[Dataset extract — start]

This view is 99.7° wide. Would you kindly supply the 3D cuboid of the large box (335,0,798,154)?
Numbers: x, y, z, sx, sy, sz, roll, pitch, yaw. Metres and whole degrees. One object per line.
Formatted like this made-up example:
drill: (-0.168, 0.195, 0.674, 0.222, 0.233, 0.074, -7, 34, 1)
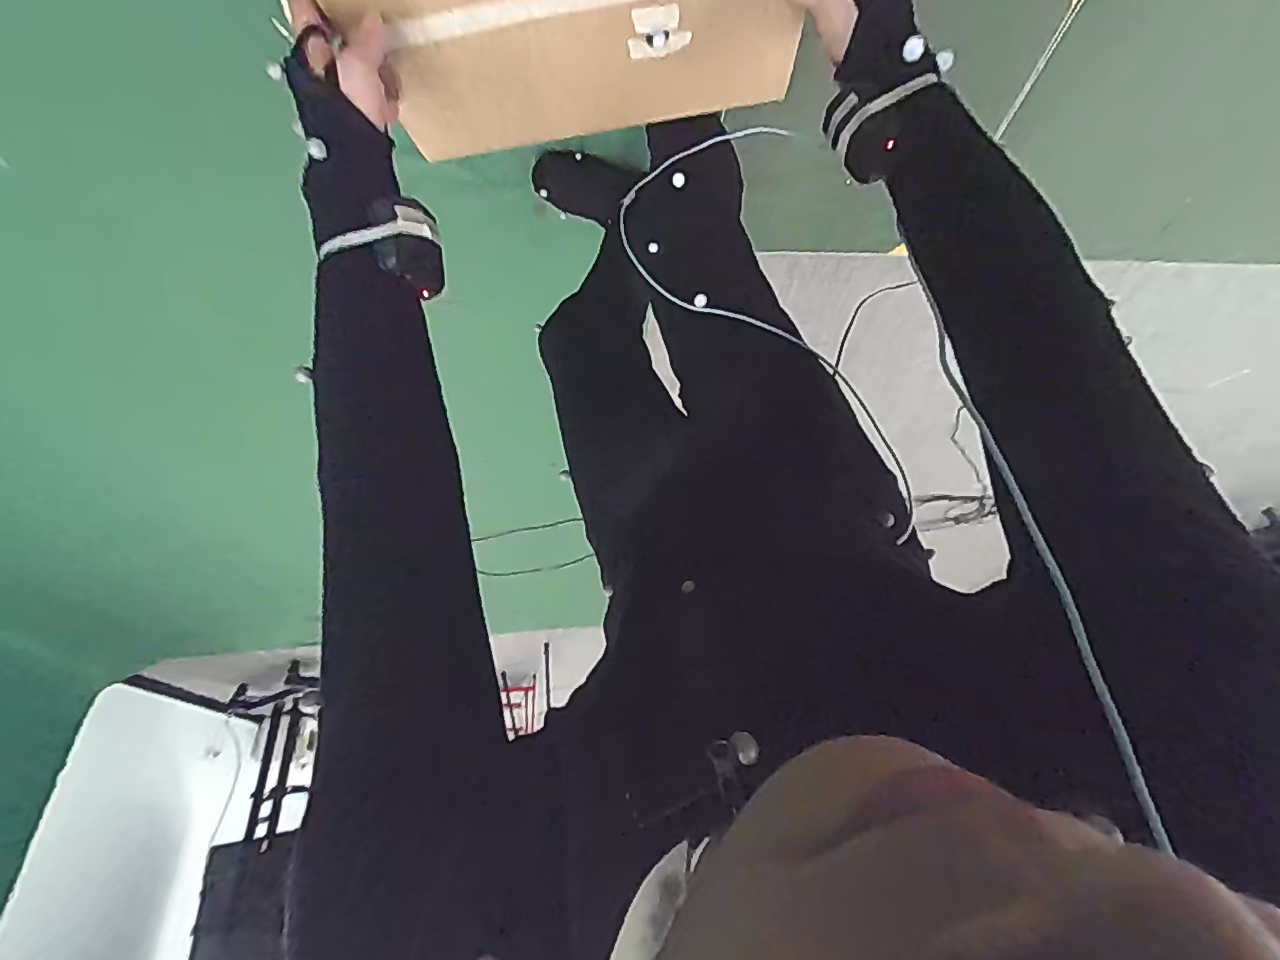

[Dataset extract — finish]

**Work to complete**
Would you retype each line above exactly and skip every image?

**Written response**
This view is 99.7° wide. Would you kindly supply the 3D cuboid of the large box (335,0,798,154)?
Numbers: x, y, z, sx, sy, sz, roll, pitch, yaw. Metres and whole degrees. One object per line.
Formatted like this made-up example:
drill: (-0.168, 0.195, 0.674, 0.222, 0.233, 0.074, -7, 34, 1)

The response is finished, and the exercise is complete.